-- DATA TO USE follows --

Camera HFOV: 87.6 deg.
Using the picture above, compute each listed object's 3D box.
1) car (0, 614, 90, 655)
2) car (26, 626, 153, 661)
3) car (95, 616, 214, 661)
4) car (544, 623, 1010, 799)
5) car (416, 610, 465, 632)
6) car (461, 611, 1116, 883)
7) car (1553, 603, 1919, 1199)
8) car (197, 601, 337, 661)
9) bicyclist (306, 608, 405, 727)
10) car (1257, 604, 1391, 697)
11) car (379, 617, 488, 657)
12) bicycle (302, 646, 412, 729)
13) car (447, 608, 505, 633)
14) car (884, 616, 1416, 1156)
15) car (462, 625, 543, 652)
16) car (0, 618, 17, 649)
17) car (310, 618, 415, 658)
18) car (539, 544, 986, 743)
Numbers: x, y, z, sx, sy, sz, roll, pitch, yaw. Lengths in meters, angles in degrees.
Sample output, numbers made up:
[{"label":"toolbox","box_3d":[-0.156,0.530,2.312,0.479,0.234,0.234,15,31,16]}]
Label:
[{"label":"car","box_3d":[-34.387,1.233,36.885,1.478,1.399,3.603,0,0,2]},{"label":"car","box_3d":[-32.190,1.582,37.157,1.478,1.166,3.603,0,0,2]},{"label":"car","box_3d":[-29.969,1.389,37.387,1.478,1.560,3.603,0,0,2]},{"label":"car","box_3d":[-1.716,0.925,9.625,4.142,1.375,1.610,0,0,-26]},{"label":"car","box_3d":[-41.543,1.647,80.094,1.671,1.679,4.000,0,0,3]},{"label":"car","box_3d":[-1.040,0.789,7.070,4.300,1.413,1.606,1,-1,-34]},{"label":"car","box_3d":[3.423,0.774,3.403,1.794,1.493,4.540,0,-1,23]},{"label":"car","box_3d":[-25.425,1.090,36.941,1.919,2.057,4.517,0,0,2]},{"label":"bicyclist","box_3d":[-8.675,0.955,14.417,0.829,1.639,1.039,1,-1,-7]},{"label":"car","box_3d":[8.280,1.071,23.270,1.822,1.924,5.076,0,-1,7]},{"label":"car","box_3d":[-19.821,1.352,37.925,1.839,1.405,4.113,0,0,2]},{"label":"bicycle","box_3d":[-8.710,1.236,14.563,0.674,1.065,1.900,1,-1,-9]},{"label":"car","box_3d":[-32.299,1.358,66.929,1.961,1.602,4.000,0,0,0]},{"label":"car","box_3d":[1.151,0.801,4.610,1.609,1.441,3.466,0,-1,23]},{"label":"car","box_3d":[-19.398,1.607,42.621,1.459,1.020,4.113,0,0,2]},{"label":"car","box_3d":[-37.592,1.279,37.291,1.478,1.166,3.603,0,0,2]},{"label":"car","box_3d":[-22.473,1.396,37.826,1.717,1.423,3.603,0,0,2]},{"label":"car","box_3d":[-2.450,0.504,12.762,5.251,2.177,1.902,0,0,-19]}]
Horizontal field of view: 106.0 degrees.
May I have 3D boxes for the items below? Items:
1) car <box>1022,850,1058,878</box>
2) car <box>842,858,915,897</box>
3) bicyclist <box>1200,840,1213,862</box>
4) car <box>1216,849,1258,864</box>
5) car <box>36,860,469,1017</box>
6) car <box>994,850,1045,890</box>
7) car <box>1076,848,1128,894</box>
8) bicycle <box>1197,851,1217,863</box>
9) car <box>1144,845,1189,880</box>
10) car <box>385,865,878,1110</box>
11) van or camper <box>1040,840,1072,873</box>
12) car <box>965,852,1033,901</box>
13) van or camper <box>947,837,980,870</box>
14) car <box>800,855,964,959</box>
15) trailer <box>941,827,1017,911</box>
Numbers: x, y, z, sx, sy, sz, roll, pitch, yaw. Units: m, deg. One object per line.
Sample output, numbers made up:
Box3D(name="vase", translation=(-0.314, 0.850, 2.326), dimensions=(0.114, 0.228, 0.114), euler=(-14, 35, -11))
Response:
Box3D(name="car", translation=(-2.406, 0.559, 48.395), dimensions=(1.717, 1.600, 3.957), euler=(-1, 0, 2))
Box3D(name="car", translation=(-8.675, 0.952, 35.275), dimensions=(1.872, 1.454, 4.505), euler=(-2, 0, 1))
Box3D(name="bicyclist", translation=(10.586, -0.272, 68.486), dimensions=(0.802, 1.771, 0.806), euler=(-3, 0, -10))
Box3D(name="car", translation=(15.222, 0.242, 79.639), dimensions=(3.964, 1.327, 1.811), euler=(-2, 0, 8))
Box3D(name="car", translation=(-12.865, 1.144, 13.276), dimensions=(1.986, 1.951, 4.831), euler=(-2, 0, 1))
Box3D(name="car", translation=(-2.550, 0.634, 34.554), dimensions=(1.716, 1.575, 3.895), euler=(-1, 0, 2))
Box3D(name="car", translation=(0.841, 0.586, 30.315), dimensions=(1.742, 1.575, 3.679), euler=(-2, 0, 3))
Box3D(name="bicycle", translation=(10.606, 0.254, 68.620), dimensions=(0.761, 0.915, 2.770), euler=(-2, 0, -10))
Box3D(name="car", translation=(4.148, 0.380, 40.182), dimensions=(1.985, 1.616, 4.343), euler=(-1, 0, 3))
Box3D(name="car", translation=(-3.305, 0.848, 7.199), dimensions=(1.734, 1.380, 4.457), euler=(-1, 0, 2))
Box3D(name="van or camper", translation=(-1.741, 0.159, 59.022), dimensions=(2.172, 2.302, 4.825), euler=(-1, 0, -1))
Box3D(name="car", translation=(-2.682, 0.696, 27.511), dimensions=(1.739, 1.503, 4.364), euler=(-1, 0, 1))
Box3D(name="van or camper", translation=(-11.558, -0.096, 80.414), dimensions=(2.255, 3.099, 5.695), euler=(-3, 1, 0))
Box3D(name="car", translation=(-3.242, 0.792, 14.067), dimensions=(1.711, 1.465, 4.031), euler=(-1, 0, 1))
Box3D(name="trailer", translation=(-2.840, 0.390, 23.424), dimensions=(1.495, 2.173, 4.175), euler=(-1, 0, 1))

-- DATA TO USE concluded --

WHAT TO DO: Retype, in the same exact form, the lines of the material above from the line holding "13) van or camper <box>947,837,980,870</box>" through the line holding "euler=(-14, 35, -11))".

YOUR SOLUTION:
13) van or camper <box>947,837,980,870</box>
14) car <box>800,855,964,959</box>
15) trailer <box>941,827,1017,911</box>
Numbers: x, y, z, sx, sy, sz, roll, pitch, yaw. Units: m, deg. One object per line.
Sample output, numbers made up:
Box3D(name="vase", translation=(-0.314, 0.850, 2.326), dimensions=(0.114, 0.228, 0.114), euler=(-14, 35, -11))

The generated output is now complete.